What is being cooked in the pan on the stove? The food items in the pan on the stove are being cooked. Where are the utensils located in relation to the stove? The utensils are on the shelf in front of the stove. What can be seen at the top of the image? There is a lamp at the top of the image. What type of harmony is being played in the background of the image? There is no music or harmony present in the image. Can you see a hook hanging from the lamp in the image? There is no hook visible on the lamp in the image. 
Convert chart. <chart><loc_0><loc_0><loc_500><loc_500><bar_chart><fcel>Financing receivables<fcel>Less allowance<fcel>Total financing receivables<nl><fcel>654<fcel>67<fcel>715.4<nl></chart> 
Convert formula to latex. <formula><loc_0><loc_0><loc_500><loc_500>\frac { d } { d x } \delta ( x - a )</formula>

__________

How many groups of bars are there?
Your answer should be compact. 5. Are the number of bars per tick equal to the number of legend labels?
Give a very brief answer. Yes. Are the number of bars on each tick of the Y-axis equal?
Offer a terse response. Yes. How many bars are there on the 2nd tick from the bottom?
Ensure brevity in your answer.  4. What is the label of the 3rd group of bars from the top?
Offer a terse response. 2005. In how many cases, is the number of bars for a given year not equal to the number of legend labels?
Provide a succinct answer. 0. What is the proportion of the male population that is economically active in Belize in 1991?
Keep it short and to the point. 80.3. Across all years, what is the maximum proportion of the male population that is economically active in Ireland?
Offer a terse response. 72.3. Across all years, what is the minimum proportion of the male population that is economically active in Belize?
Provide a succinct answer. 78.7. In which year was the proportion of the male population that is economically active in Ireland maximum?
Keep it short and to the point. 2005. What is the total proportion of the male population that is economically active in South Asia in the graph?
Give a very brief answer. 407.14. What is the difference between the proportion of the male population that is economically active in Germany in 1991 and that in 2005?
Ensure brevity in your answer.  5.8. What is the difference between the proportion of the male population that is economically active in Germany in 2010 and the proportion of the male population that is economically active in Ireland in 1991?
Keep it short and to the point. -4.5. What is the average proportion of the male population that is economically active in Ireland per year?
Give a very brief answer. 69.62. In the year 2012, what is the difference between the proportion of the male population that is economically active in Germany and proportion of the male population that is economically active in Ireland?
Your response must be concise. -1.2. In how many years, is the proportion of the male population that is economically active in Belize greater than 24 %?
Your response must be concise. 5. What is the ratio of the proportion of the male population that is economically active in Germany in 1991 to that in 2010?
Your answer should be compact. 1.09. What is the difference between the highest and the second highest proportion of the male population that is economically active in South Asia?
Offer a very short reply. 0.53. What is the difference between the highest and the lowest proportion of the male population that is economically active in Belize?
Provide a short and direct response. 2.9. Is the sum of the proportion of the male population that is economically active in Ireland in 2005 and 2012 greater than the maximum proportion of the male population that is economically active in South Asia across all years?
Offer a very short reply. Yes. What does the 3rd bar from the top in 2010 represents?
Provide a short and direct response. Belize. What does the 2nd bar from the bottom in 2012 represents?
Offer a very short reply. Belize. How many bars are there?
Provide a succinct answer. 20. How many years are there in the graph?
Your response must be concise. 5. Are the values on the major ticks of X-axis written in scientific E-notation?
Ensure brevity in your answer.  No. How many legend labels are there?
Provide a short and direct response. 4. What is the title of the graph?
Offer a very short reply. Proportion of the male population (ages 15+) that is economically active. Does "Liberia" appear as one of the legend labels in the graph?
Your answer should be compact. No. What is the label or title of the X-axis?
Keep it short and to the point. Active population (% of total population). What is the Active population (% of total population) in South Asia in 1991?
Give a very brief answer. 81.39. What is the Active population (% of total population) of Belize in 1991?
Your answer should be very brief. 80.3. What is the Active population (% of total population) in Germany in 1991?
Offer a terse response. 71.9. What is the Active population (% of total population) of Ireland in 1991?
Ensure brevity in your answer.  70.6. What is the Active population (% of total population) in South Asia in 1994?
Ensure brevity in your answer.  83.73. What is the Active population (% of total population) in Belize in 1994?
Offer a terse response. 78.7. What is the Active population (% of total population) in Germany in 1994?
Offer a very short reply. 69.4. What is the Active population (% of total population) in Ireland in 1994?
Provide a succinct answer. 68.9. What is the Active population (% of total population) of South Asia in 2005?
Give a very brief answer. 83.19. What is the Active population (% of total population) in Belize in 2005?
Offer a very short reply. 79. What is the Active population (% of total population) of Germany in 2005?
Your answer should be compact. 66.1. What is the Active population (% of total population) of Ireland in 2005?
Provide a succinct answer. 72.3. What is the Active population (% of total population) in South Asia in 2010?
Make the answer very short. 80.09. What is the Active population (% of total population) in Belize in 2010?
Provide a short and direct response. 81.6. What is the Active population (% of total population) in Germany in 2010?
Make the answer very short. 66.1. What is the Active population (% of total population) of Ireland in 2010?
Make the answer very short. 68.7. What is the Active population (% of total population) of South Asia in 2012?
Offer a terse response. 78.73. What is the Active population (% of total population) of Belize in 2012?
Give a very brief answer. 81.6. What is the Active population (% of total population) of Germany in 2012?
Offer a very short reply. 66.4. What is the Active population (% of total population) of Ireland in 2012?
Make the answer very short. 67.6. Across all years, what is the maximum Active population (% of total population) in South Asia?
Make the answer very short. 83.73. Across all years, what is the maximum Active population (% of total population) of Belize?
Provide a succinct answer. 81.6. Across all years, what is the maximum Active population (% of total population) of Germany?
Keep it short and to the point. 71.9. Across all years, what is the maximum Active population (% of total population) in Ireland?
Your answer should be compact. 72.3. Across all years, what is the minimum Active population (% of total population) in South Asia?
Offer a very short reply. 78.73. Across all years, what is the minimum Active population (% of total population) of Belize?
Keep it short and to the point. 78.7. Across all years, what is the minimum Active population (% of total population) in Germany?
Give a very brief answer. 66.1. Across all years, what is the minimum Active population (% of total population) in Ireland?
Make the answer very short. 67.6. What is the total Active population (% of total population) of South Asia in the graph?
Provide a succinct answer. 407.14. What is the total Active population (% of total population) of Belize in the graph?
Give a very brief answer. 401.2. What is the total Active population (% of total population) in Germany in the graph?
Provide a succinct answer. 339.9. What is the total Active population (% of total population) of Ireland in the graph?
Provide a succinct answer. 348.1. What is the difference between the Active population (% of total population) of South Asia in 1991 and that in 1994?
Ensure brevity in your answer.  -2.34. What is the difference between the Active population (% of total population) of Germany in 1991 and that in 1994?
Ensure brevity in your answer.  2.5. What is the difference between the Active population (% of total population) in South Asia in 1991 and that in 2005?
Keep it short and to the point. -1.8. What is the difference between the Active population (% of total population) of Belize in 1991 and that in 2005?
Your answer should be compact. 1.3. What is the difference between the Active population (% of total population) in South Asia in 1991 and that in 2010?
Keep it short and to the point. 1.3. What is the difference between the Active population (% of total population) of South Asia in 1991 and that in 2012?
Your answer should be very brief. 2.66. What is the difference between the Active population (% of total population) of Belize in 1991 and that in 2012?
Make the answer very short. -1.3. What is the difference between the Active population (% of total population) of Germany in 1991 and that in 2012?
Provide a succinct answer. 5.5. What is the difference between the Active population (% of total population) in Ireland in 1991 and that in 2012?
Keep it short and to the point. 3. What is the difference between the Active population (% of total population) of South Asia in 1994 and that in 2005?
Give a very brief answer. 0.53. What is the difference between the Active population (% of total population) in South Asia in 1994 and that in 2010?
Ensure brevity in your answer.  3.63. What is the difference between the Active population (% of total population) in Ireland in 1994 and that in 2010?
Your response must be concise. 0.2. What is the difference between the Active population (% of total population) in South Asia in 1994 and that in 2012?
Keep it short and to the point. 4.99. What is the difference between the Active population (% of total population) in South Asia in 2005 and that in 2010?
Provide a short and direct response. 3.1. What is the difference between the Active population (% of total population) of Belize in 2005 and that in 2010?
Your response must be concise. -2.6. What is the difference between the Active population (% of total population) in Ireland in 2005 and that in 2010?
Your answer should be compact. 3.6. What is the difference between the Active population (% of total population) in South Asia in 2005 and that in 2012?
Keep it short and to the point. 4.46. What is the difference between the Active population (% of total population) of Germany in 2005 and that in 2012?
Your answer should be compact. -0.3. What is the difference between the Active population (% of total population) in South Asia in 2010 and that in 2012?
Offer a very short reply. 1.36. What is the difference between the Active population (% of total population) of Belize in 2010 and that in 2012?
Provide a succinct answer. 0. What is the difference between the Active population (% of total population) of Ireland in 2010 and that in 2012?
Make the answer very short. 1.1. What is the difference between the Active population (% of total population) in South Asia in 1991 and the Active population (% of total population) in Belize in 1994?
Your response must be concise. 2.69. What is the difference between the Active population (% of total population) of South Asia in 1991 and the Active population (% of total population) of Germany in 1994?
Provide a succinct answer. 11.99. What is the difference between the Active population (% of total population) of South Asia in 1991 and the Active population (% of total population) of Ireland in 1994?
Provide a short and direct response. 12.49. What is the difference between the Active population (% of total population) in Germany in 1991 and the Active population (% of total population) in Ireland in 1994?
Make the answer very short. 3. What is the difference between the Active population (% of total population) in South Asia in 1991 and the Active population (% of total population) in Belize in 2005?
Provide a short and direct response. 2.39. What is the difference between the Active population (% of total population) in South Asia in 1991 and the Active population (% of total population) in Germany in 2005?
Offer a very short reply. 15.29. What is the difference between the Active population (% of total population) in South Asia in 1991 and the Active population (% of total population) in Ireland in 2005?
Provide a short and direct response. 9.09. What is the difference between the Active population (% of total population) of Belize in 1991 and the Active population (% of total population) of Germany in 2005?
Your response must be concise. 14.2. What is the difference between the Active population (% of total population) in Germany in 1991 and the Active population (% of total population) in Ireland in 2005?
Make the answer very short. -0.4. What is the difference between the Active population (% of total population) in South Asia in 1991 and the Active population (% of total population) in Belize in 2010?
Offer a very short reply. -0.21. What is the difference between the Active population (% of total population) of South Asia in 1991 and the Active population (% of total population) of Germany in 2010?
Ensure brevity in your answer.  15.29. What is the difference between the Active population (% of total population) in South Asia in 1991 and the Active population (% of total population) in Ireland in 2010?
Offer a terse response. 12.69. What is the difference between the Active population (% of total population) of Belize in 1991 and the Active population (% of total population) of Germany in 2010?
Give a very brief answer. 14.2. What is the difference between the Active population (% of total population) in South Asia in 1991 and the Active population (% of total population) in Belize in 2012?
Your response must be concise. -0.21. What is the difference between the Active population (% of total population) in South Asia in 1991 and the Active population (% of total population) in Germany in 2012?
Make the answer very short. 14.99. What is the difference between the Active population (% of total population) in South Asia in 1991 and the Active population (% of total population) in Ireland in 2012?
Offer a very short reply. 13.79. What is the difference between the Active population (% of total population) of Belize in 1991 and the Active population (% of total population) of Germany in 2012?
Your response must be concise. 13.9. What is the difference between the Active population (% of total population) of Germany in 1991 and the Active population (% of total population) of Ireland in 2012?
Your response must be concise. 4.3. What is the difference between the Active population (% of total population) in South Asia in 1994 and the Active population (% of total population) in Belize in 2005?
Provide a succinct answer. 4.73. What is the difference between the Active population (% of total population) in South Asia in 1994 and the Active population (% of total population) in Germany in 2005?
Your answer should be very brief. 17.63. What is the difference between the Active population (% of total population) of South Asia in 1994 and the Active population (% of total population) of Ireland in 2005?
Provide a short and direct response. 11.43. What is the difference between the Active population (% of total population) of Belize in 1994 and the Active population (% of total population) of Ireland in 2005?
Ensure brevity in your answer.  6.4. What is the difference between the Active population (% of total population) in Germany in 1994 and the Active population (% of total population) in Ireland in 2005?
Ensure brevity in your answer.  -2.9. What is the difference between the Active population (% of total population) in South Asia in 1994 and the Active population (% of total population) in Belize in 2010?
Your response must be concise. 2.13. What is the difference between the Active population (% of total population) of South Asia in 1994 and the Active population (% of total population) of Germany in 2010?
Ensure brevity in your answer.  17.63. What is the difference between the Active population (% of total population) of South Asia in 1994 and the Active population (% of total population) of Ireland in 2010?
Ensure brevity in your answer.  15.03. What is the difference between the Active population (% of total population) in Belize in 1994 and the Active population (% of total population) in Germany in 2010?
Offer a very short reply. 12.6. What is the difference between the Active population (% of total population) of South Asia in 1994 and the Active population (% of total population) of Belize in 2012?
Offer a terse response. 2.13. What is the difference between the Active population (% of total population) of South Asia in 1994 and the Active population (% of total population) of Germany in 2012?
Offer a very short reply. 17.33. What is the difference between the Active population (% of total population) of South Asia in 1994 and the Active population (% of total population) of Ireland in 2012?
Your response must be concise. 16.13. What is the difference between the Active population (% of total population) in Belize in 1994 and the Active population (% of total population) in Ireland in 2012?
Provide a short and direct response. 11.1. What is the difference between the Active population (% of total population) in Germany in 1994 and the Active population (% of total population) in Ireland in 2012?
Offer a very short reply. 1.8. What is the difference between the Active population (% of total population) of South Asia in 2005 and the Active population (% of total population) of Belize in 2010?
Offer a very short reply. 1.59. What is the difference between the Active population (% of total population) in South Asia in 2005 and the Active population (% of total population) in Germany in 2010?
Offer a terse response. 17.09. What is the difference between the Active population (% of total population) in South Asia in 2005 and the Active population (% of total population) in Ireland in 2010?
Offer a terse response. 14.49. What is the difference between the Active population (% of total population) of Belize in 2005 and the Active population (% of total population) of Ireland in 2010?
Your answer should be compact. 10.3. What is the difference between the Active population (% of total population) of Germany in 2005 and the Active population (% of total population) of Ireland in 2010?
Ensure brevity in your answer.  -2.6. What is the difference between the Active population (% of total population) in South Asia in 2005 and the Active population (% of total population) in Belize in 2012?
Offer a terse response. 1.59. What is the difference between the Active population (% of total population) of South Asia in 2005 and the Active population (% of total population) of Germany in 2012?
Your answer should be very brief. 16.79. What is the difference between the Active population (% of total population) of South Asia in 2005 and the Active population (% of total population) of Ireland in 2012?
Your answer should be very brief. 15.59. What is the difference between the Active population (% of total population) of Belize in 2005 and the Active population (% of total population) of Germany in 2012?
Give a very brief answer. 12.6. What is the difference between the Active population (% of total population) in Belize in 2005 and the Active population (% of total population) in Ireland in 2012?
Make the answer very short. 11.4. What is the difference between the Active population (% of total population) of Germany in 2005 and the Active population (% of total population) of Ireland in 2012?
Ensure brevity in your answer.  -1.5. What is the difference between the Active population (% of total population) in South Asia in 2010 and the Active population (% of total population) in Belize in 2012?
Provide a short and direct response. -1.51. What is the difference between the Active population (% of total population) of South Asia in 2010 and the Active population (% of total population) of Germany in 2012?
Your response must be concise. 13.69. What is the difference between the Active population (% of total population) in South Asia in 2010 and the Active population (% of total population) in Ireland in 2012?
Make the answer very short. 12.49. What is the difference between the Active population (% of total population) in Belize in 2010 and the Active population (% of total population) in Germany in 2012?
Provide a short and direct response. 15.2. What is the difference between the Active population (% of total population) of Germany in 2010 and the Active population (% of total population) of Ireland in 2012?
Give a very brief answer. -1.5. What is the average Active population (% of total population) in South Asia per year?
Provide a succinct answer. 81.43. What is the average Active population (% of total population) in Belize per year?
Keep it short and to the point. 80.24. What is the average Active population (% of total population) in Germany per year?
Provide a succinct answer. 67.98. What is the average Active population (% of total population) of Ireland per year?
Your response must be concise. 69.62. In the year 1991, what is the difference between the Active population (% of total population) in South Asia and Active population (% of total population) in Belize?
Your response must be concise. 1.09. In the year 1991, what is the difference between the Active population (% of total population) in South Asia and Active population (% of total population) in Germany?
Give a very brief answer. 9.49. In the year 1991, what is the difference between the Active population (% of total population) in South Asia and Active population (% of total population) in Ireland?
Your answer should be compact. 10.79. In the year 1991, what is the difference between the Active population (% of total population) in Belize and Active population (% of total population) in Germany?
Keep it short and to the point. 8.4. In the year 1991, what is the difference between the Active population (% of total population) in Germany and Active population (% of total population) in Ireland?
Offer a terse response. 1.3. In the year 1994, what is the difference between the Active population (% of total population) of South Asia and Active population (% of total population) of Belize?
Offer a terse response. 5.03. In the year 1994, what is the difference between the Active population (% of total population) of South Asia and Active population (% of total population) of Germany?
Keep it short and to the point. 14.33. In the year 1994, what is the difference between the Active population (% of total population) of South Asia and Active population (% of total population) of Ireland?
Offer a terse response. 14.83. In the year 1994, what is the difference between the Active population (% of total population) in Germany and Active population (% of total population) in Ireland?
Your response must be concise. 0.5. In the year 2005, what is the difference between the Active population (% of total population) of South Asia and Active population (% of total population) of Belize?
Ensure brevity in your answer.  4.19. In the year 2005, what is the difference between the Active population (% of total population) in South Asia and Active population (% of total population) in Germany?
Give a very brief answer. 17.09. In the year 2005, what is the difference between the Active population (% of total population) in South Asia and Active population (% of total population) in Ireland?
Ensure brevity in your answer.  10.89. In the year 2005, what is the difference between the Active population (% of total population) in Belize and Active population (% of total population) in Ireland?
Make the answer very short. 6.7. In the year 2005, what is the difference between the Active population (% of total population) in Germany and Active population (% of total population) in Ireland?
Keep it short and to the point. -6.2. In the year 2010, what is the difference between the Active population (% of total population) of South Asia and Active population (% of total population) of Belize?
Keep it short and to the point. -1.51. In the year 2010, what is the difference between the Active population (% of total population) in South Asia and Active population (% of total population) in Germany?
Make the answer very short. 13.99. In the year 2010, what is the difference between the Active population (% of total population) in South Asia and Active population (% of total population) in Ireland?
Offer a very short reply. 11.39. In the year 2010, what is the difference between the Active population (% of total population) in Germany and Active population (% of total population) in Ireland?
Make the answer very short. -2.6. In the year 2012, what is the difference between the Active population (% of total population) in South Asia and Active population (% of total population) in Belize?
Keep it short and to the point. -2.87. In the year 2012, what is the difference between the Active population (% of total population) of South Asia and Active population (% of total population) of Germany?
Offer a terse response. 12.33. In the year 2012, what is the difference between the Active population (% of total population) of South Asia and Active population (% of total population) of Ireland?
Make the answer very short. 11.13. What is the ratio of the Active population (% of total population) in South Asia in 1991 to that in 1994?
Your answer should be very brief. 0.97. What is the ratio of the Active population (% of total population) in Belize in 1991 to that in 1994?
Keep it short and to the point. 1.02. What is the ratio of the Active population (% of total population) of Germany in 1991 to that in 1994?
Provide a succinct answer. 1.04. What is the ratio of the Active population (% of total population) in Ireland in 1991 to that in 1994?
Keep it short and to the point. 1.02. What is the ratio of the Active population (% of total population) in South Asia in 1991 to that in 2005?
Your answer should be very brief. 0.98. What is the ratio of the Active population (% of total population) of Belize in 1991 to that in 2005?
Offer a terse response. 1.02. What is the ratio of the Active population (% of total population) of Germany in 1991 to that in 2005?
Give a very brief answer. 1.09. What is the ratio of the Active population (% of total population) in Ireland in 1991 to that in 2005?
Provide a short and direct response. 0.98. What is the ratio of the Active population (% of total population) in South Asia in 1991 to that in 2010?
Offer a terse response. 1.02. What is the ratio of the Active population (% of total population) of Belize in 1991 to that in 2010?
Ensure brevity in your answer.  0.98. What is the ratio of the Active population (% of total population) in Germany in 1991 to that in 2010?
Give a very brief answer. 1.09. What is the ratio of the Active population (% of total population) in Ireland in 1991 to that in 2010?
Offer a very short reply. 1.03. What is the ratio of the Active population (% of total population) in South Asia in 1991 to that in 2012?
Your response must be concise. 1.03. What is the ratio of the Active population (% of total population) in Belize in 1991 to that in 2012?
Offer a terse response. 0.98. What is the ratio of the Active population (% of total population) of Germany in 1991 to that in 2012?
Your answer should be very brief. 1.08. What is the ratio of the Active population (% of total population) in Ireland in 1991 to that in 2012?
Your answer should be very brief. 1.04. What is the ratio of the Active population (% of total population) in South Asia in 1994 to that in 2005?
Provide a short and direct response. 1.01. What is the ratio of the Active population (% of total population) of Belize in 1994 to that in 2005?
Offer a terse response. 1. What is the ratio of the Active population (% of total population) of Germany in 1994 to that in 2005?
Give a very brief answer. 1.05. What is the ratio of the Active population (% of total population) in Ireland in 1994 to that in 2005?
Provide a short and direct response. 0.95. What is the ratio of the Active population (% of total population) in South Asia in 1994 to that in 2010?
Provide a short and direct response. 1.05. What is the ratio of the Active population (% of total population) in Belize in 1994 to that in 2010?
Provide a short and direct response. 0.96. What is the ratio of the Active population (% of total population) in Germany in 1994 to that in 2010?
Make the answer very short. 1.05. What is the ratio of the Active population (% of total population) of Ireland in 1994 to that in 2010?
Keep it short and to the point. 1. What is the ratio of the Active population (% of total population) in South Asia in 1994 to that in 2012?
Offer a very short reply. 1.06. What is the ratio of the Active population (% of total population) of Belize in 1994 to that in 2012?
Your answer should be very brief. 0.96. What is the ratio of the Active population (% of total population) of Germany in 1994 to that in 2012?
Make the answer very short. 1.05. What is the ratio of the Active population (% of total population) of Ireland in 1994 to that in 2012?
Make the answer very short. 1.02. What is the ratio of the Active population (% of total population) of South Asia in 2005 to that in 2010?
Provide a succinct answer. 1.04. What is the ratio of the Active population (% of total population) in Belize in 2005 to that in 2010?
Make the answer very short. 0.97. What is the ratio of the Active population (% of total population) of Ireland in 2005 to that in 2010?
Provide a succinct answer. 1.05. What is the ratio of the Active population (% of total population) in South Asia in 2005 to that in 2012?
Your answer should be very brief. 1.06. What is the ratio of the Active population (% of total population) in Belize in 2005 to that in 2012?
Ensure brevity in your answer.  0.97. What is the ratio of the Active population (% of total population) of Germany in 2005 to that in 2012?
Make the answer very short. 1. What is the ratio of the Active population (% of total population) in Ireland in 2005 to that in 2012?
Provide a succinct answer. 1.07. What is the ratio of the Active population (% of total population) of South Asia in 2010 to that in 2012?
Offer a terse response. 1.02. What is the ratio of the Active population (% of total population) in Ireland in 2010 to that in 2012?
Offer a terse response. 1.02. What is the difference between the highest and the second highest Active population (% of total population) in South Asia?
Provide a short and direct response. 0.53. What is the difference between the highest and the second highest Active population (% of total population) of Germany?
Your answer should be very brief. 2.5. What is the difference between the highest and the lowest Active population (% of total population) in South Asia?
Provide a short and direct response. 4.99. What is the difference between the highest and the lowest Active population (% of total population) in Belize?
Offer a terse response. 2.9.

__________

What is required:
Give again exactly, and only, the lines above starting at the one with "Make the answer very short. -0.4." and ending at the one with "Your response must be concise. 4.3.".

Exercise response:
Make the answer very short. -0.4. What is the difference between the Active population (% of total population) in South Asia in 1991 and the Active population (% of total population) in Belize in 2010?
Offer a very short reply. -0.21. What is the difference between the Active population (% of total population) of South Asia in 1991 and the Active population (% of total population) of Germany in 2010?
Ensure brevity in your answer.  15.29. What is the difference between the Active population (% of total population) in South Asia in 1991 and the Active population (% of total population) in Ireland in 2010?
Offer a terse response. 12.69. What is the difference between the Active population (% of total population) of Belize in 1991 and the Active population (% of total population) of Germany in 2010?
Give a very brief answer. 14.2. What is the difference between the Active population (% of total population) in South Asia in 1991 and the Active population (% of total population) in Belize in 2012?
Your response must be concise. -0.21. What is the difference between the Active population (% of total population) in South Asia in 1991 and the Active population (% of total population) in Germany in 2012?
Make the answer very short. 14.99. What is the difference between the Active population (% of total population) in South Asia in 1991 and the Active population (% of total population) in Ireland in 2012?
Offer a very short reply. 13.79. What is the difference between the Active population (% of total population) of Belize in 1991 and the Active population (% of total population) of Germany in 2012?
Your response must be concise. 13.9. What is the difference between the Active population (% of total population) of Germany in 1991 and the Active population (% of total population) of Ireland in 2012?
Your response must be concise. 4.3. What is the difference between the Active population (% of total population) in South Asia in 1994 and the Active population (% of total population) in Belize in 2005?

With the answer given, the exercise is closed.